# WHAT NEEDS TO BE DONE
If a record holds a picture, leave the picture out and print everything else exactly.

# INPUT DATA
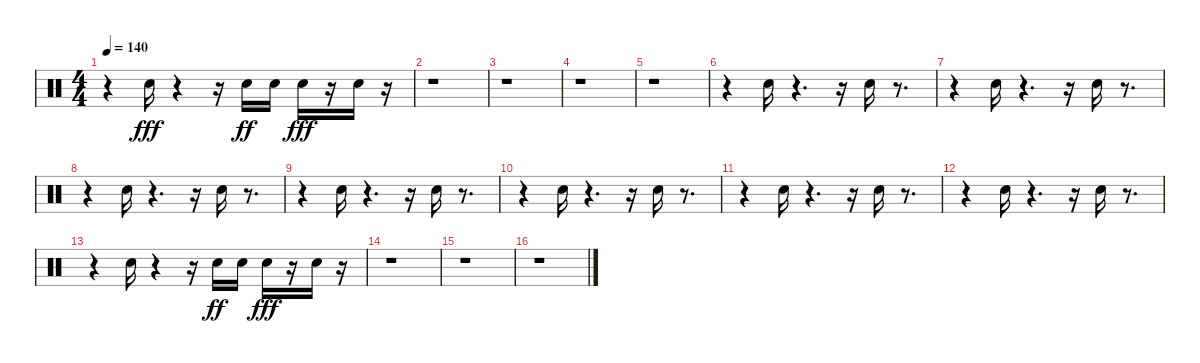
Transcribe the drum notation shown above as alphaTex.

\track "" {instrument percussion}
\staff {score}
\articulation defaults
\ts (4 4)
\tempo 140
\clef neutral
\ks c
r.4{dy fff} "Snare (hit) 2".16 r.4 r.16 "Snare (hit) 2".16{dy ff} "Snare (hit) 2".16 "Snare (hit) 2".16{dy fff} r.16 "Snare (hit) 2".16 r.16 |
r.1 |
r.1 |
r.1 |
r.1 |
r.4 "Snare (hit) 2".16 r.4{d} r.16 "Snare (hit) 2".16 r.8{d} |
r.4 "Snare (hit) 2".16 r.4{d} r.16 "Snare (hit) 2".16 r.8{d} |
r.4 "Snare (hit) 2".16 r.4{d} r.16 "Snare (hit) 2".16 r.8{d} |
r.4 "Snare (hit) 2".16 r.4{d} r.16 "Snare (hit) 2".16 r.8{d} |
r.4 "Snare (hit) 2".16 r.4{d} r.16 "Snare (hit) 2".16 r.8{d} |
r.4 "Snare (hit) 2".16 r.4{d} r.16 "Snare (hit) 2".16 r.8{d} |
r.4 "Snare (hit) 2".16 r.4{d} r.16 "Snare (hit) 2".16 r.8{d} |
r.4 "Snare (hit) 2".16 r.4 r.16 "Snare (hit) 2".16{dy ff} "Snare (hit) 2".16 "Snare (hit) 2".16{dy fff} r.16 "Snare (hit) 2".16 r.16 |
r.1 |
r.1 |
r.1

# RESULT
Transcribe the drum notation shown above as alphaTex.

\track "" {instrument percussion}
\staff {score}
\articulation defaults
\ts (4 4)
\tempo 140
\clef neutral
\ks c
r.4{dy fff} "Snare (hit) 2".16 r.4 r.16 "Snare (hit) 2".16{dy ff} "Snare (hit) 2".16 "Snare (hit) 2".16{dy fff} r.16 "Snare (hit) 2".16 r.16 |
r.1 |
r.1 |
r.1 |
r.1 |
r.4 "Snare (hit) 2".16 r.4{d} r.16 "Snare (hit) 2".16 r.8{d} |
r.4 "Snare (hit) 2".16 r.4{d} r.16 "Snare (hit) 2".16 r.8{d} |
r.4 "Snare (hit) 2".16 r.4{d} r.16 "Snare (hit) 2".16 r.8{d} |
r.4 "Snare (hit) 2".16 r.4{d} r.16 "Snare (hit) 2".16 r.8{d} |
r.4 "Snare (hit) 2".16 r.4{d} r.16 "Snare (hit) 2".16 r.8{d} |
r.4 "Snare (hit) 2".16 r.4{d} r.16 "Snare (hit) 2".16 r.8{d} |
r.4 "Snare (hit) 2".16 r.4{d} r.16 "Snare (hit) 2".16 r.8{d} |
r.4 "Snare (hit) 2".16 r.4 r.16 "Snare (hit) 2".16{dy ff} "Snare (hit) 2".16 "Snare (hit) 2".16{dy fff} r.16 "Snare (hit) 2".16 r.16 |
r.1 |
r.1 |
r.1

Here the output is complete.